**News Flash: Fed Rate Cuts to Impact Stablecoin Revenues**

The Federal Reserve's recent decision to cut interest rates for the first time since March 2020 is set to shake up the stablecoin market. The top five centralized stablecoins, which collectively hold nearly $125 billion in US treasury bills, are bracing for a significant hit to their revenue streams.

- **Impact on Revenue**: According to CCData, treasury bills make up 80.2% of major stablecoin reserves. Each 50-basis point (bps) cut could slash approximately $625 million in interest income.

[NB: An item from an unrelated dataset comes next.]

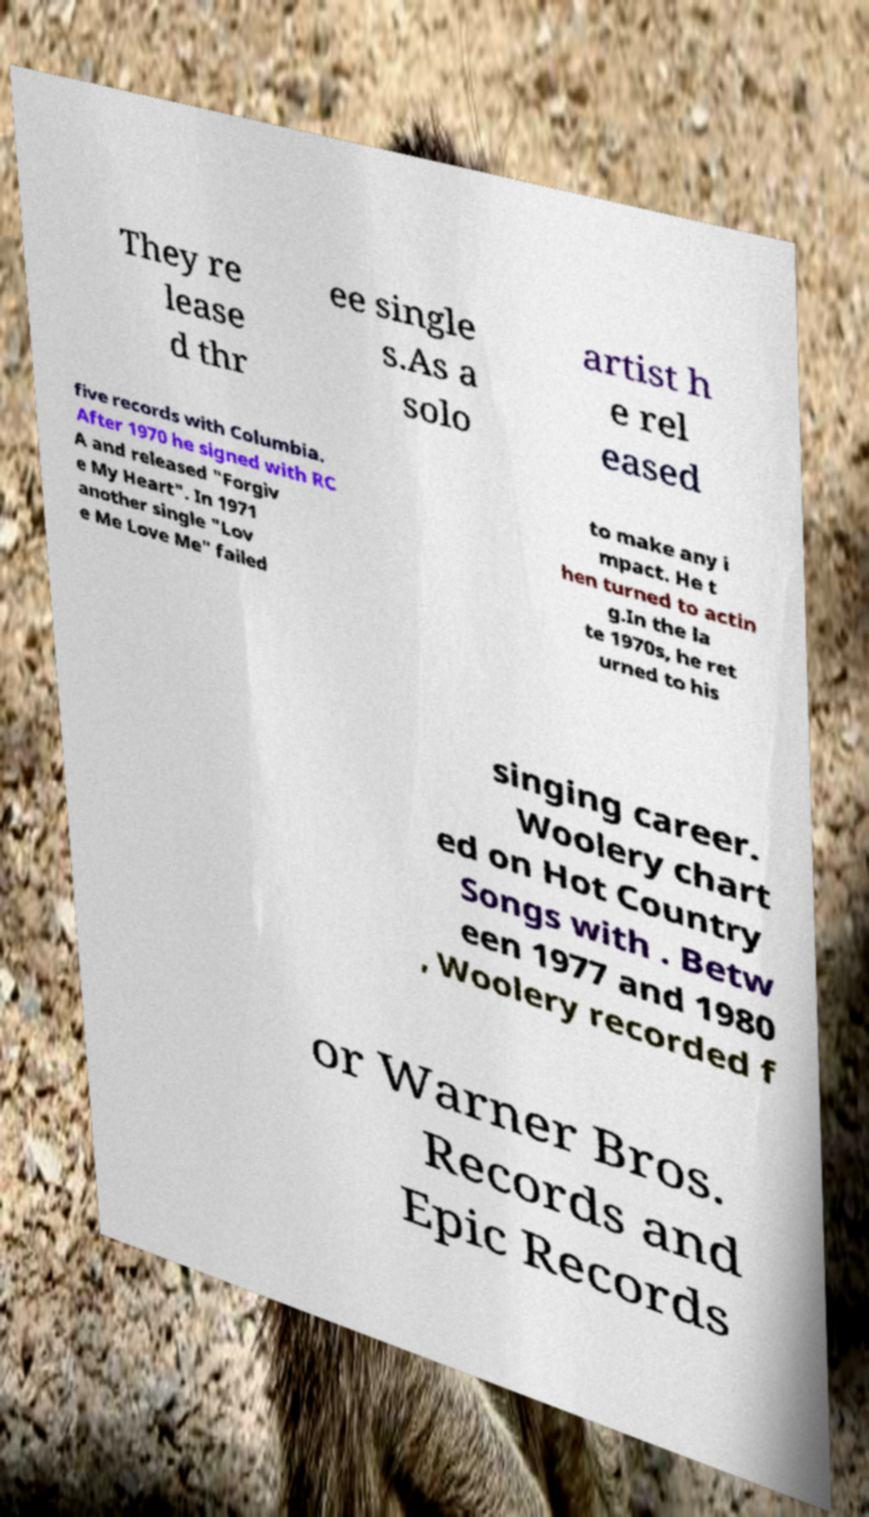For documentation purposes, I need the text within this image transcribed. Could you provide that? They re lease d thr ee single s.As a solo artist h e rel eased five records with Columbia. After 1970 he signed with RC A and released "Forgiv e My Heart". In 1971 another single "Lov e Me Love Me" failed to make any i mpact. He t hen turned to actin g.In the la te 1970s, he ret urned to his singing career. Woolery chart ed on Hot Country Songs with . Betw een 1977 and 1980 , Woolery recorded f or Warner Bros. Records and Epic Records

- **Future Cuts**: The CME Group’s FedWatch tool indicates a potential 75-bps rate cut by the end of 2024, including a 50-bps cut in November and an additional 25 bps in December. This could total a $1.5625 billion revenue loss for stablecoins.

- **Leading Stablecoins**: Tether’s USDT leads with $93.2 billion in T-bills, followed by Circle’s USDC with $28.7 billion. Smaller players like FDUSD, PYUSD, and TUSD also hold significant treasury assets.

- **Market Trends**: Despite a 1.50% rise in stablecoin market capitalization to $172 billion in September, trading volumes on centralized exchanges have dropped by 39.4% to $683 billion as of Sept. 23.

USDT remains the most traded stablecoin, capturing 77.2% of all trading volume, with FDUSD and USDC trailing behind. The upcoming rate cuts could add pressure on stablecoins' profit margins, making the next few months critical for the market.